Besonders ältere Menschen im Visier
Schockanrufe richten sich häufig gezielt gegen ältere Menschen. Täter nutzen dabei Telefonbücher oder öffentlich zugängliche Daten, um potenzielle Opfer auszuwählen.
Die Betrüger setzen gezielt auf emotionale Manipulation: Zeitdruck, Angst und angebliche Notlagen sollen verhindern, dass Betroffene Rücksprache mit Angehörigen oder Behörden halten.
Prozess könnte bald beginnen
Ob und wann der Prozess beginnt, entscheidet nun das Landgericht Dessau-Roßlau. Sollte die Anklage zugelassen werden, müssen sich die drei Beschuldigten wegen gewerbsmäßigen Betrugs vor Gericht verantworten.
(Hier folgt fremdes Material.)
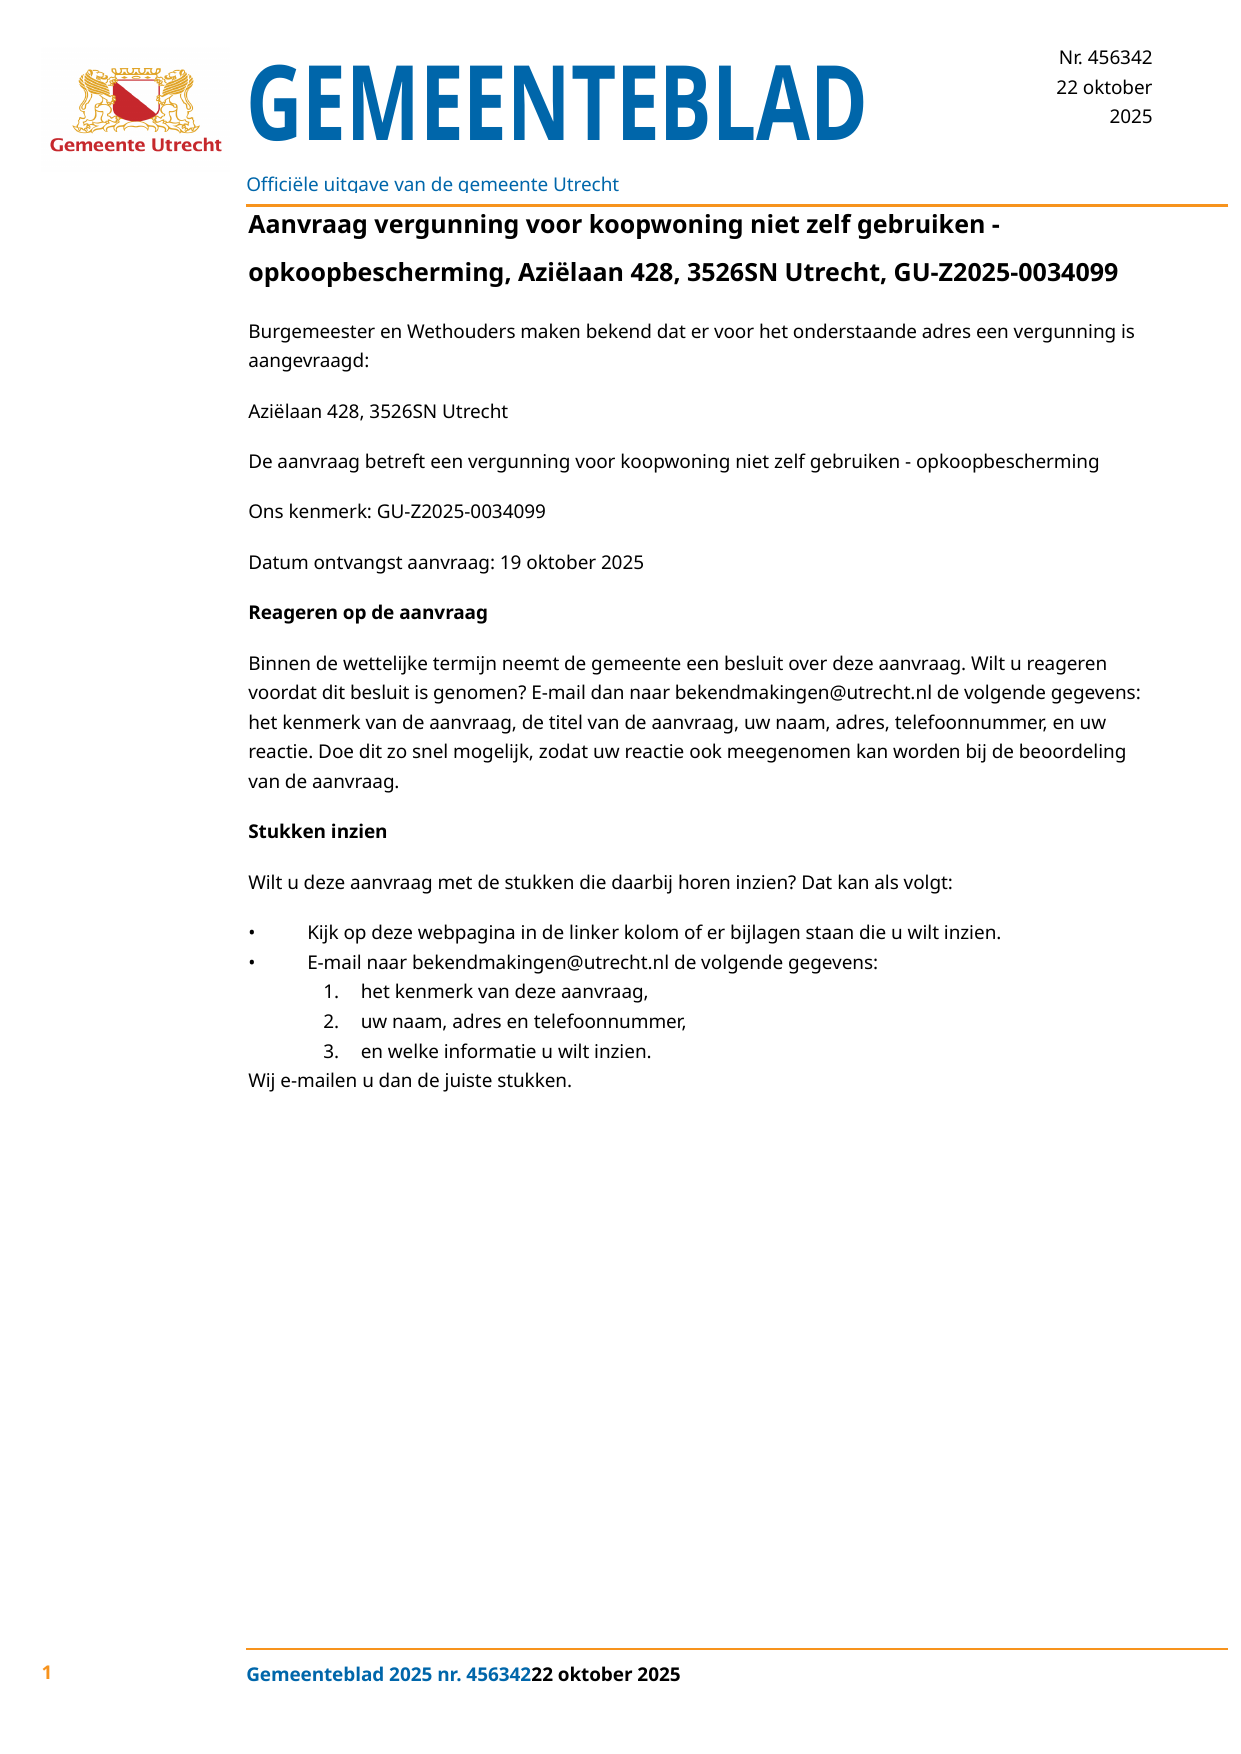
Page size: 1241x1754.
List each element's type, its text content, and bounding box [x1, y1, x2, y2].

Für die Ermittler ist der Fall ein weiterer Hinweis darauf, dass Telefonbetrug weiterhin ein ernstes Problem bleibt. Polizei und Verbraucherschützer raten deshalb, bei unerwarteten Anrufen von angeblichen Behörden oder Banken stets misstrauisch zu sein und im Zweifel sofort aufzulegen.
Denn eines steht fest: Polizei oder Banken verlangen niemals am Telefon Bargeld, Schmuck oder Gold zur „Sicherung“.